Tentou se matar quatro vezes, mas sempre foi mantida viva por médicos militares. Em uma delas, a punição pelo suicídio frustrado foi intensa. “Fui violentamente castigada: uma semana de choques elétricos, banhos gelados de madrugada, “telefone”, palmatória (…) A qualquer hora do dia ou da noite sofria agressões físicas e morais”, relatou.

Em agosto de 1971, em um intervalo de cinco dias, foi estuprada duas vezes por “Camarão”, codinome de Antonio Weiner Pinheiro Lima, o caseiro do lugar. “Era obrigada a limpar a cozinha completamente nua, ouvindo gracejos e obscenidades, os mais grosseiros”.

Em diversas investigações, o MPF tentou identificar quem eram os agentes da Casa da Morte. Foram muitas as buscas até descobrir a identidade do Camarão, considerado um nome fundamental para descobrir fatos novos sobre o lugar e, principalmente, quem foram as outras vítimas – é possível que mais de 20 pessoas desaparecidas possam ter sido assassinadas ali.

A primeira pista apareceu em uma agenda telefônica de Malhães: a anotação “Camarão”, acompanhada de um número de telefone fixo. Depois de uma série de buscas e cruzamentos de dados, chegou-se a Antonio Wainer Pinheiro Lima.

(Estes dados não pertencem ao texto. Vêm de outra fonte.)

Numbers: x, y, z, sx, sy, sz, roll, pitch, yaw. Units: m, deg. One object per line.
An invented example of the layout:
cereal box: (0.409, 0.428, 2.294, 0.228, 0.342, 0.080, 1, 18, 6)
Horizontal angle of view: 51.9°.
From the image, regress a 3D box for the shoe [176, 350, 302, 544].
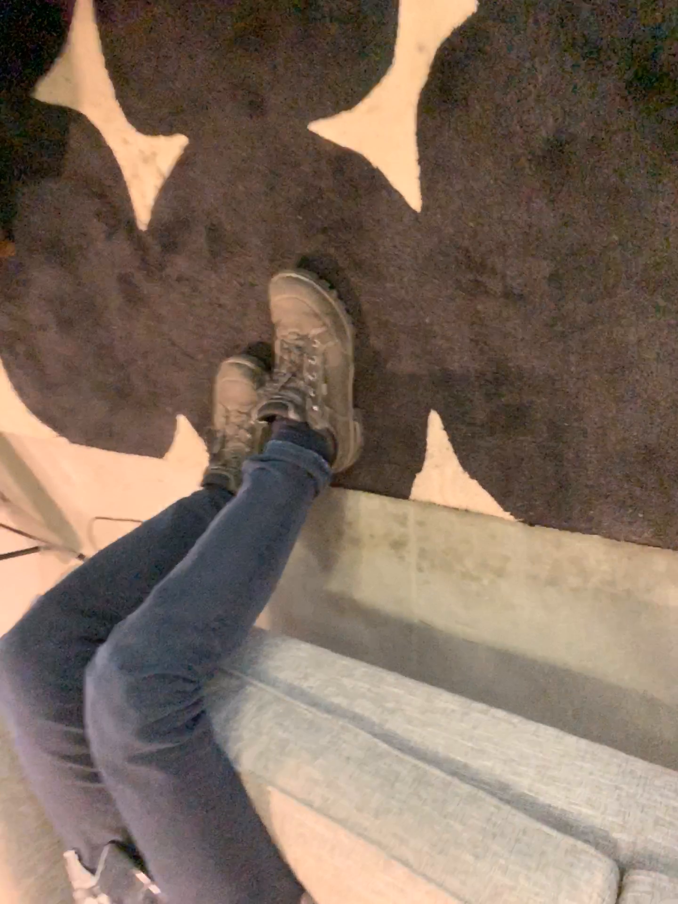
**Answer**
shoe: (-0.150, -0.009, 1.077, 0.120, 0.077, 0.285, 6, 116, 32)

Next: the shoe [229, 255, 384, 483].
shoe: (-0.040, -0.105, 0.945, 0.121, 0.077, 0.288, -1, 113, 34)

Com uma ficha de antecedentes criminais que incluíam tentativa de homicídio, furto, lesão corporal, porte de arma, na democracia, Antonio já não queria mais o apelido Camarão, devido ao risco de denunciar seu passado. Preferia “Neir”, diminutivo de Wainer.

Inês identificou e confirmou que era ele mesmo o Camarão. Intimado pelo MPF para depor, fugiu de sua casa em Araruama (RJ). Foi encontrado em Tauá, no interior do Ceará, e conduzido coercitivamente. Confessou ter sido o caseiro, mas negou ter praticado qualquer crime.

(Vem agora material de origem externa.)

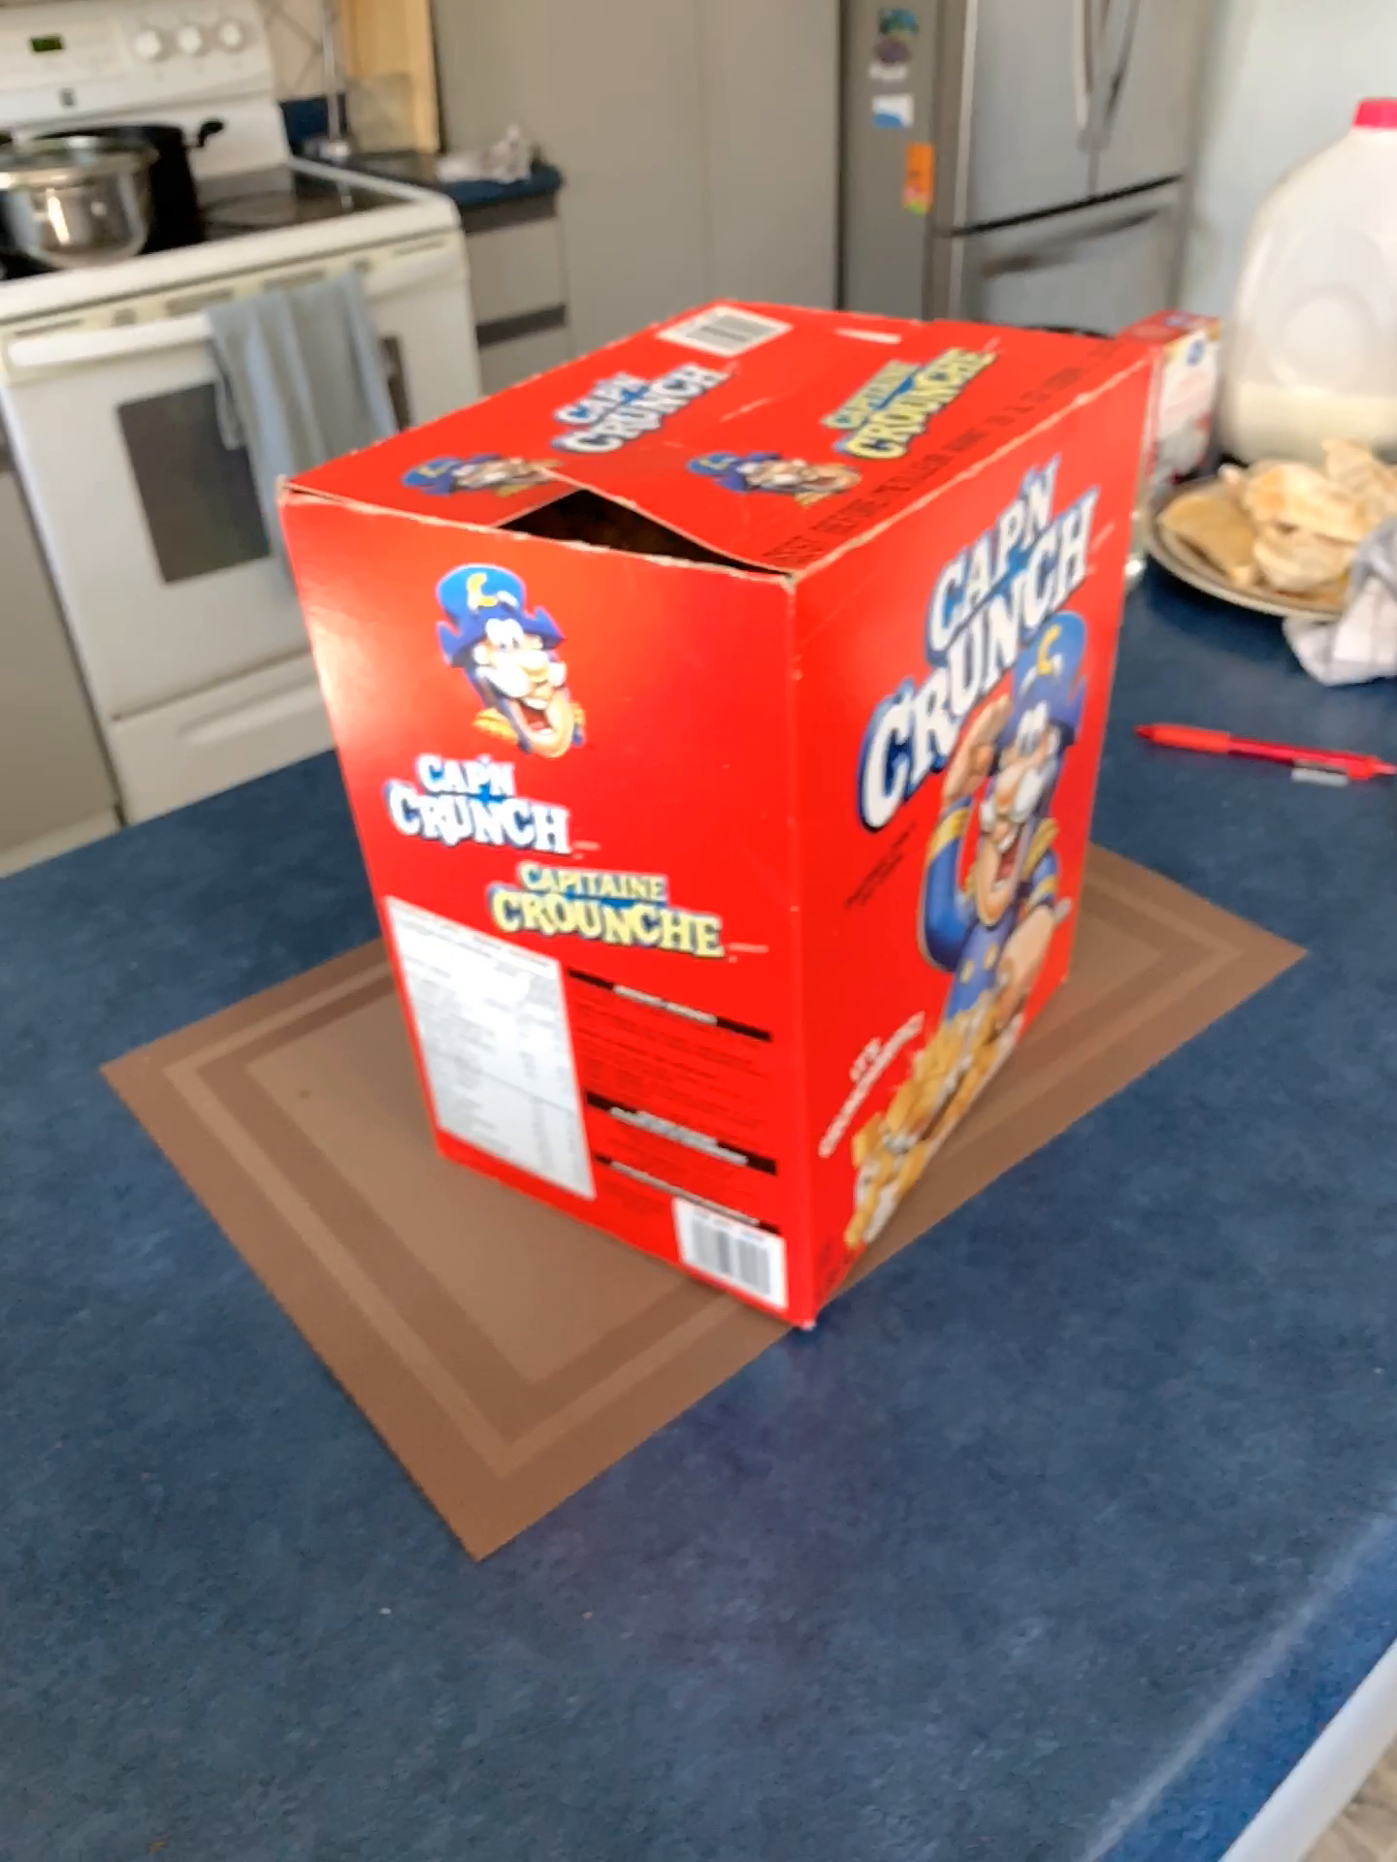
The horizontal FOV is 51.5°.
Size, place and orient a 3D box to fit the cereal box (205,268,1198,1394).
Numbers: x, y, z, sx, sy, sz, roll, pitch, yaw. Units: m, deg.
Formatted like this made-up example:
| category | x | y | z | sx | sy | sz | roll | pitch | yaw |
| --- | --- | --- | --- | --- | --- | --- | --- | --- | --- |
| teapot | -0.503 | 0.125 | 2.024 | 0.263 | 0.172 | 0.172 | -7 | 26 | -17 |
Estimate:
| category | x | y | z | sx | sy | sz | roll | pitch | yaw |
| --- | --- | --- | --- | --- | --- | --- | --- | --- | --- |
| cereal box | 0.021 | -0.059 | 0.560 | 0.211 | 0.297 | 0.272 | 20 | 42 | 28 |
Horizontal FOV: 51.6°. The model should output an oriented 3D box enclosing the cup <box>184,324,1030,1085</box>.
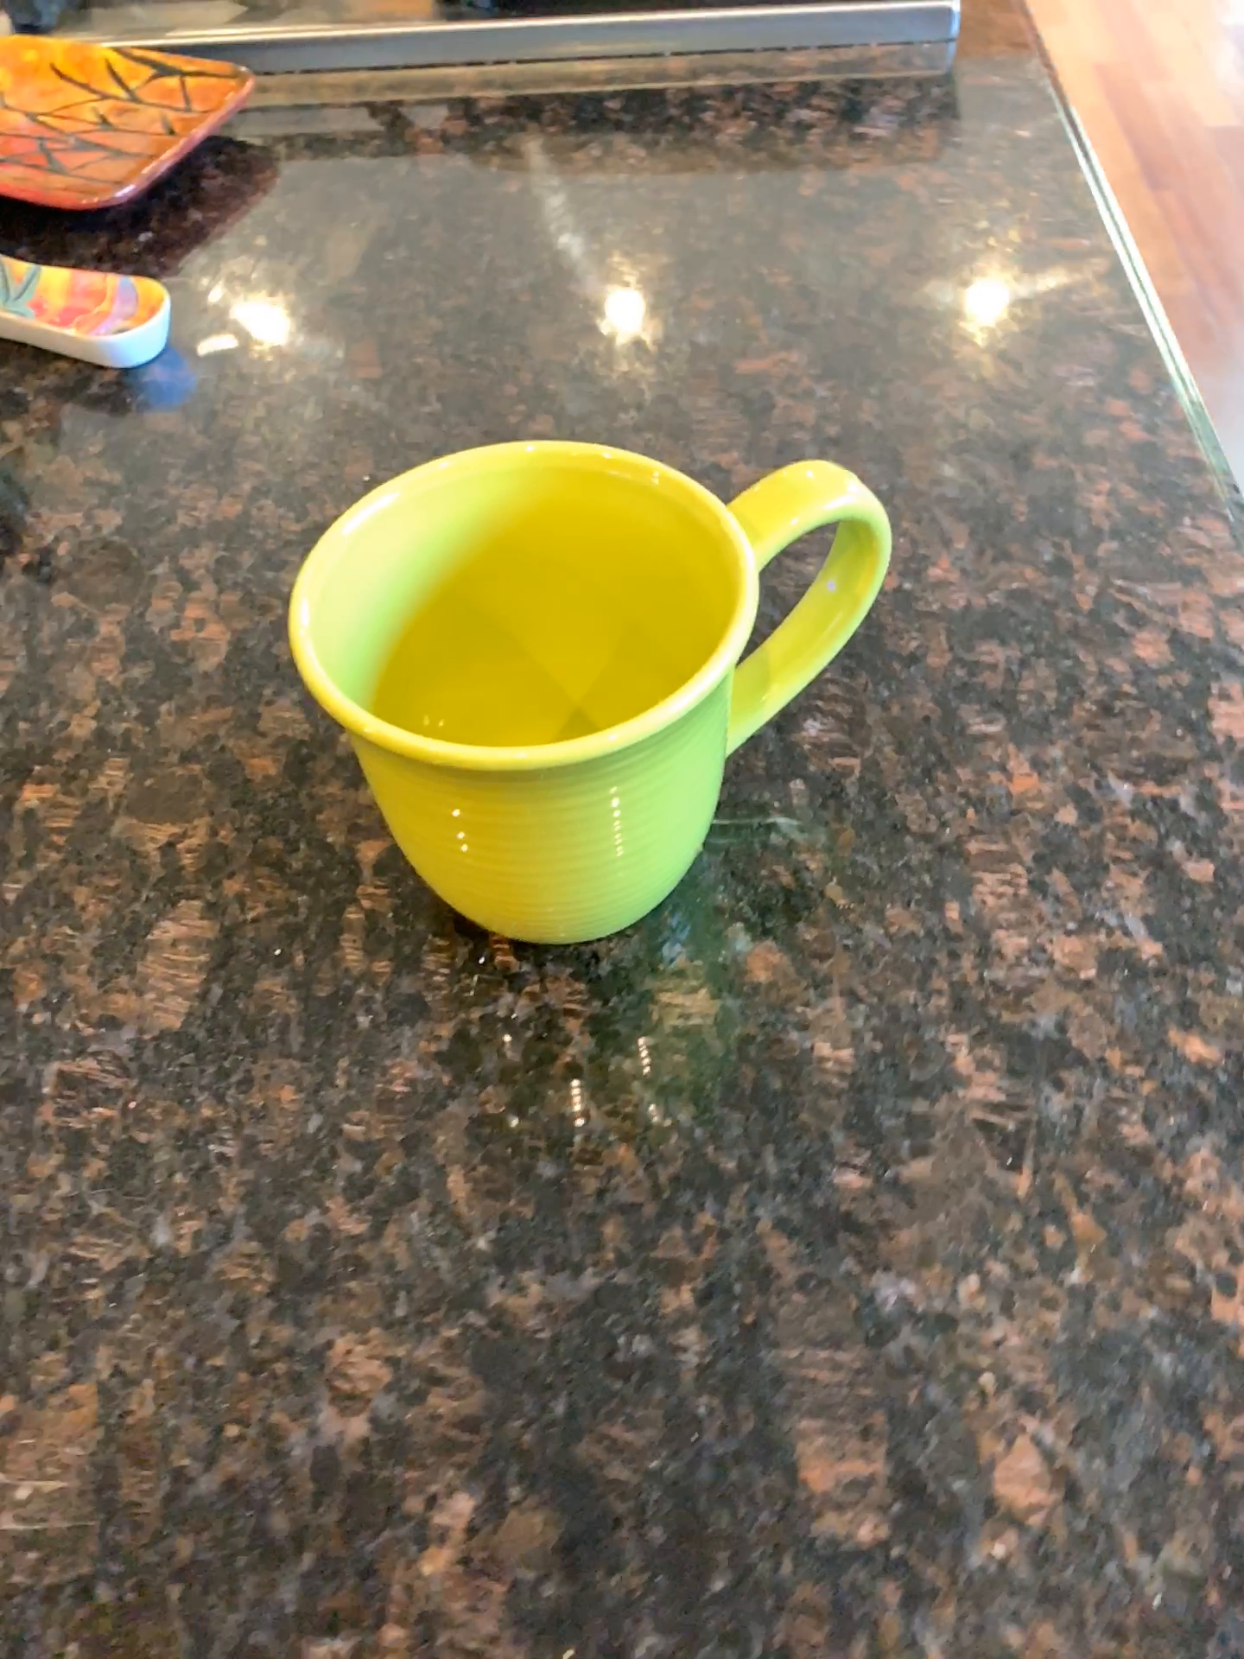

Ela conseguiu denunciar também o médico e ex-militar Amílcar Lobo, responsável por ela na casa. De codinome “doutor Carneiro”, ele teve o registro cassado pelo Conselho Regional de Medicina do Rio de Janeiro.

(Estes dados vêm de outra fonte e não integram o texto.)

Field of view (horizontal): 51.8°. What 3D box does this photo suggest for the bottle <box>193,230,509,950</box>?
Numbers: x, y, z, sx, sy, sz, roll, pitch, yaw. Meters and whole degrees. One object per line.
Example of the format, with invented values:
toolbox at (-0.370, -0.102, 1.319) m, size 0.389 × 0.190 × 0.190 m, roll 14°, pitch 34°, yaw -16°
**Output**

Comissão Nacional da Verdade

Na CNV, Inês falou da perseguição que sofreu pelo Estado brasileiro desde 1964.

No dia do depoimento na CNV, uma de suas irmãs, Celina Romeu, declarou: “a sua história é de heroísmo, você não tem mais o que temer. Você venceu”.

Mineira de Pouso Alegre, Inês era formada em história e bancária em Belo Horizonte (MG).

Foi militante do Sindicato dos Bancários e do Movimento Estudantil. Depois do golpe, foi para a clandestinidade e para a luta armada.

Acabou presa em 5 de maio de 1971, levada para o DOPS e, de lá, para Petrópolis.

Da Casa da Morte saiu viva por aceitar a proposta de se tornar uma agente infiltrada da repressão em organizações de guerrilha urbana. Para garantir que não seriam traídos, os repressores forçaram Inês a assinar acusações contra uma de suas irmãs, que sequer exercia alguma militância política. Também foi obrigada a gravar um vídeo em que confessava ser agente do governo.

Quando saiu de lá, foi entregue na casa de uma de suas irmãs, em Belo Horizonte, pesando 32 quilos. A família a levou para um hospital, onde foi presa oficialmente pela ditadura e passou mais oito anos detida.

Em 2003, aos 61 anos, sofreu um atentado em casa. Foi encontrada caída e ensanguentada, com traumatismo cranioencefálico por golpes múltiplos diversos, depois de receber a visita de um marceneiro contratado para um serviço doméstico. Sobreviveu, mas precisou fazer uma série de tratamentos para recuperar a fala e as funções motoras.

Inês morreu dormindo, em sua casa, em Niterói, aos 72 anos, em 27 de abril de 2015.